With the help of THINC, TIPA is currently entering a partnership with six health plans to form a patient-centered medical home and become eligible for the Centers for Medicare & Medicaid Services’ shared savings program, which allows providers to receive higher payments for delivering high-quality healthcare. Stuard believes it will take some time to develop best practices for using EHRs and sharing electronic health data, but she’s confident that progress will be made. “We’ll be wrangling with harmonizing measurements between disparate practices and systems. We’ll learn a lot and it will be difficult at times, but it’s an opportunity for everyone.”
To facilitate data sharing among these partners, Shah believes that requirements supporting data sharing between providers and payers could be written into Meaningful Use Stage 3 rules.
Current research also focuses on populations rather than individuals.

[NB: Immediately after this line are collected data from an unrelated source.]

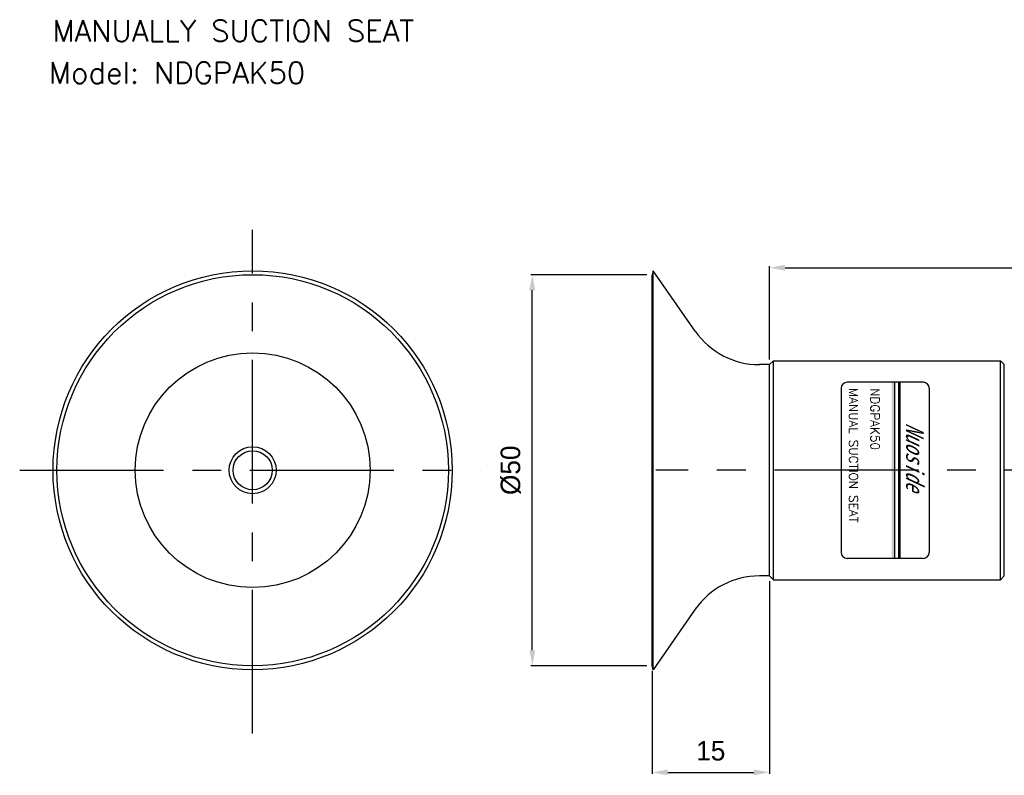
# Model space of a CAD drawing. Header units: millimetres. Extents: x 18 to 271, y 102 to 198.
# Tile 1 of 15: x 18 to 143, y 102 to 198. Entities that reach past the tile are written whole.
import ezdxf

# ---------------------------------------------------------------- set-up
doc = ezdxf.new("R2010")
doc.units = ezdxf.units.MM
doc.header["$LTSCALE"] = 16.335
doc.header["$PDMODE"] = 3
doc.header["$PDSIZE"] = 4
doc.linetypes.add('CENTER', pattern=[0.6, 0.375, -0.075, 0.075, -0.075])
doc.layers.get('0').update_dxf_attribs({"linetype": 'CONTINUOUS'})
doc.layers.get('Defpoints').update_dxf_attribs({"linetype": 'CONTINUOUS'})
for name, color, linetype in [('02___PRT_ALL_AXES', 7, 'CONTINUOUS'), ('CENTER', 1, 'CENTER'), ('DIM', 3, 'CONTINUOUS'), ('PLINE', 7, 'CONTINUOUS')]:
    doc.layers.add(name, color=color, linetype=linetype)
doc.styles.add('AEH', font='SIMPLEX', dxfattribs={"bigfont": 'AE'})
doc.styles.add('ROMANS', font='romans')
doc.styles.get("Standard").update_dxf_attribs({"font": 'txt', "width": 0.8})
doc.styles.add('TEXTSTYLE_4', font='microexb.ttf')
doc.dimstyles.new('DIMSTYLE_1', dxfattribs={"dimtxt": 2.5, "dimasz": 2, "dimexe": 0.18, "dimexo": 0.0625, "dimgap": 0.09, "dimtad": 1, "dimdec": 0, "dimzin": 0, "dimdsep": 46, "dimtxsty": 'Standard', "dimblk": '_FILLED', "dimblk1": '_FILLED', "dimblk2": '_FILLED', "dimcen": 0.09, "dimadec": 0, "dimazin": 0, "dimtfac": 1, "dimtdec": 0, "dimtofl": 0, "dimtmove": 0, "dimatfit": 3, "dimldrblk": '_FILLED', "dimfxl": 1, "dimtolj": 1, "dimtzin": 0, "dimarcsym": 0})

# ---------------------------------------------------------------- blocks, each defined once
blk = doc.blocks.new('_FILLED')
at = {"color": 0, "linetype": 'ByBlock'}
blk.add_solid([(0, 0), (-1, 0.1875), (-1, -0.1875)], dxfattribs=at)
blk = doc.blocks.new('*D0')
at = {"layer": 'Defpoints', "color": 0, "lineweight": 0}
for p in [(223.36, 166.74), (113.36, 154.95), (223.36, 154.95)]:
    blk.add_point(p, dxfattribs=at)
at = {"layer": 'DIM', "color": 0, "lineweight": -2}
for p, q in [((113.36, 155.02), (113.36, 166.92)), ((115.36, 166.74), (221.36, 166.74)), ((223.36, 155.02), (223.36, 166.92))]:
    blk.add_line(p, q, dxfattribs=at)
at = {"layer": 'DIM', "color": 0, "lineweight": -2, "xscale": 2, "yscale": 2, "zscale": 2, "rotation": 180}
blk.add_blockref('_FILLED', (113.36, 166.74), dxfattribs=at)
at = {"layer": 'DIM', "color": 0, "lineweight": -2, "xscale": 2, "yscale": 2, "zscale": 2}
blk.add_blockref('_FILLED', (223.36, 166.74), dxfattribs=at)
at = {"layer": 'DIM', "color": 0, "insert": (168.36, 169.49), "char_height": 2.5, "attachment_point": 5, "style": 'TEXTSTYLE_4'}
blk.add_mtext('\\A1;110', dxfattribs=at)
blk = doc.blocks.new('*D12')
at = {"layer": 'Defpoints', "color": 0, "lineweight": 0}
for p in [(83.06, 165.85), (97.76, 165.85), (97.76, 115.85)]:
    blk.add_point(p, dxfattribs=at)
at = {"layer": 'DIM', "color": 0, "lineweight": -2}
for p, q in [((97.7, 165.85), (82.88, 165.85)), ((83.06, 117.85), (83.06, 163.85)), ((97.7, 115.85), (82.88, 115.85))]:
    blk.add_line(p, q, dxfattribs=at)
at = {"layer": 'DIM', "color": 0, "lineweight": -2, "xscale": 2, "yscale": 2, "zscale": 2}
for p, rotation in [((83.06, 165.85), 90), ((83.06, 115.85), 270)]:
    blk.add_blockref('_FILLED', p, dxfattribs=dict(at, rotation=rotation))
at = {"layer": 'DIM', "color": 0, "insert": (80.31, 140.85), "char_height": 2.5, "attachment_point": 5, "rotation": 90, "style": 'TEXTSTYLE_4'}
blk.add_mtext('\\A1;%%c50', dxfattribs=at)
blk = doc.blocks.new('*D13')
at = {"layer": 'Defpoints', "color": 0, "lineweight": 0}
for p in [(113.36, 126.75), (98.36, 115.25), (113.36, 102.23)]:
    blk.add_point(p, dxfattribs=at)
at = {"layer": 'DIM', "color": 0, "lineweight": -2}
for p, q in [((113.36, 126.69), (113.36, 102.05)), ((98.36, 115.19), (98.36, 102.05)), ((100.36, 102.23), (111.36, 102.23))]:
    blk.add_line(p, q, dxfattribs=at)
at = {"layer": 'DIM', "color": 0, "lineweight": -2, "xscale": 2, "yscale": 2, "zscale": 2, "rotation": 180}
blk.add_blockref('_FILLED', (98.36, 102.23), dxfattribs=at)
at = {"layer": 'DIM', "color": 0, "lineweight": -2, "xscale": 2, "yscale": 2, "zscale": 2}
blk.add_blockref('_FILLED', (113.36, 102.23), dxfattribs=at)
at = {"layer": 'DIM', "color": 0, "insert": (105.86, 104.98), "char_height": 2.5, "attachment_point": 5, "style": 'TEXTSTYLE_4'}
blk.add_mtext('\\A1;15', dxfattribs=at)

msp = doc.modelspace()

# ---------------------------------------------------------------- linework, layer by layer
at = {"color": 7, "linetype": 'Continuous'}
for p, q in [((113.36, 154.35), (113.86, 154.85)), ((113.36, 154.35), (113.86, 154.85)), ((113.86, 126.85), (113.86, 154.85)), ((113.86, 154.85), (142.86, 154.85)), ((113.86, 126.85), (113.86, 154.85)), ((142.86, 126.85), (142.86, 154.85)), ((143.36, 154.35), (142.86, 154.85)), ((113.36, 127.35), (113.36, 154.35)), ((113.36, 127.35), (113.36, 154.35)), ((143.36, 127.35), (143.36, 154.35)), ((113.36, 127.35), (113.86, 126.85)), ((113.36, 127.35), (113.86, 126.85)), ((143.36, 127.35), (142.86, 126.85)), ((113.86, 126.85), (142.86, 126.85))]:
    msp.add_line(p, q, dxfattribs=at)
for radius in [3, 2.5]:
    msp.add_circle((47.33, 140.85), radius, dxfattribs=at)
for centre, start, end in [((112.07, 164.35), 214.9367, 270), ((112.07, 117.35), 90, 145.0633)]:
    msp.add_arc(centre, 10, start, end, dxfattribs=at)
at = {"layer": '02___PRT_ALL_AXES', "color": 7, "linetype": 'Continuous'}
for p, q in [((98.48, 166.35), (98.36, 165.85)), ((98.48, 115.35), (98.48, 166.35)), ((103.87, 158.63), (98.48, 166.35)), ((98.36, 115.85), (98.36, 165.85)), ((113.36, 154.35), (112.07, 154.35)), ((113.36, 127.35), (112.07, 127.35)), ((103.87, 123.08), (98.48, 115.35)), ((98.48, 115.35), (98.36, 115.85))]:
    msp.add_line(p, q, dxfattribs=at)
for radius in [25.5, 25, 15]:
    msp.add_circle((47.33, 140.85), radius, dxfattribs=at)
at = {"layer": 'CENTER', "ltscale": 3}
for p, q in [((47.33, 107.18), (47.33, 171.59)), ((17.57, 140.85), (76.4, 140.85)), ((249.99, 140.85), (98.82, 140.85))]:
    msp.add_line(p, q, dxfattribs=at)
at = {"layer": 'PLINE'}
for p, q in [((122.52, 151.34), (122.52, 130.34)), ((133.02, 152.09), (123.27, 152.09)), ((133.77, 151.34), (133.77, 130.34)), ((133.02, 129.59), (123.27, 129.59))]:
    msp.add_line(p, q, dxfattribs=at)
at = {"layer": 'PLINE', "color": 5}
msp.add_line((129.35, 152.1), (129.35, 129.6), dxfattribs=at)
at = {"layer": 'PLINE', "color": 4}
for p, q in [((129.83, 152.09), (129.83, 129.6)), ((130.01, 152.09), (130.01, 129.6))]:
    msp.add_line(p, q, dxfattribs=at)
at = {"layer": 'PLINE'}
for centre, start, end in [((123.27, 151.34), 90, 180), ((133.02, 151.34), 0, 90), ((123.27, 130.34), 180, 270), ((133.02, 130.34), 270, 0)]:
    msp.add_arc(centre, 0.75, start, end, dxfattribs=at)
at = {"layer": 'PLINE', "color": 5}
msp.add_solid([(129.35, 129.61), (128.98, 129.59), (129.35, 152.1), (128.98, 152.1)], dxfattribs=at)
at = {"layer": 'PLINE', "color": 4}
msp.add_solid([(130.01, 129.61), (129.82, 129.59), (130.01, 152.09), (129.82, 152.09)], dxfattribs=at)

# ---------------------------------------------------------------- texts
at = {"layer": 'DIM', "color": 7, "style": 'ROMANS'}
msp.add_text('MANUALLY SUCTION SEAT', height=2.75, dxfattribs=at).set_placement((21.75, 195.65))
at = {"layer": 'DIM', "color": 3, "style": 'ROMANS'}
msp.add_text('Model: NDGPAK50', height=2.75, dxfattribs=at).set_placement((21.28, 190.28))
at = {"layer": 'PLINE', "color": 2, "style": 'AEH'}
for s, p in [('MANUAL SUCTION SEAT', (123.54, 151.36)), ('NDGPAK50', (126.28, 151.34))]:
    msp.add_text(s, height=1.125, rotation=270, dxfattribs=at).set_placement(p)
at = {"layer": 'PLINE', "color": 3, "lineweight": 120, "insert": (133.07, 146.91), "char_height": 2.25, "width": 9.7168, "attachment_point": 1, "rotation": 270}
msp.add_mtext('{\\fSimHei|b0|i0|c134|p49;\\Q25;Nuoside}', dxfattribs=at)

# ---------------------------------------------------------------- dimensions: what is measured, and where the dimension line sits
at = {"layer": 'DIM'}
for base, p1, p2, picture, middle in [((223.36, 166.74), (113.36, 154.95), (223.36, 154.95), '*D0', (168.36, 166.74)), ((113.36, 102.23), (98.36, 115.25), (113.36, 126.75), '*D13', (105.86, 102.23))]:
    dim = msp.add_linear_dim(base=base, p1=p1, p2=p2, dimstyle='DIMSTYLE_1', override={"dimgap": 1.5, "dimtxsty": 'TEXTSTYLE_4'}, dxfattribs=at)
    dim.commit()
    dim.dimension.update_dxf_attribs({"geometry": picture, "text_midpoint": middle, "dimtype": 160})
dim = msp.add_linear_dim(base=(83.06, 165.85), p1=(97.76, 115.85), p2=(97.76, 165.85), angle=90, text='%%c<>', dimstyle='DIMSTYLE_1', override={"dimgap": 1.5, "dimtxsty": 'TEXTSTYLE_4'}, dxfattribs=at)
dim.commit()
dim.dimension.update_dxf_attribs({"geometry": '*D12', "text_midpoint": (83.06, 140.85), "dimtype": 160})

doc.saveas('drawing.dxf')

In the future, smart EHRs could determine appropriate courses of care for patients based on their individual needs rather than what has worked across a population.
“That’s the $1 million question,” Jaffe says. “Can the medical record really know me and my unique needs? We are really working hard to have info reflect what your unique needs are as an individual.”
Early EHR adopters like KPNC show how integrated health systems and integrated health IT systems can improve the quality of care provided to patients with or at risk for CVD. As EHRs mature, more positive outcomes are likely to be achieved and huge cost savings could follow. “We’re trying a lot of different things and learning a lot from our implementation,” Jaffe says. “We’ve come a long way and have a long way to go.”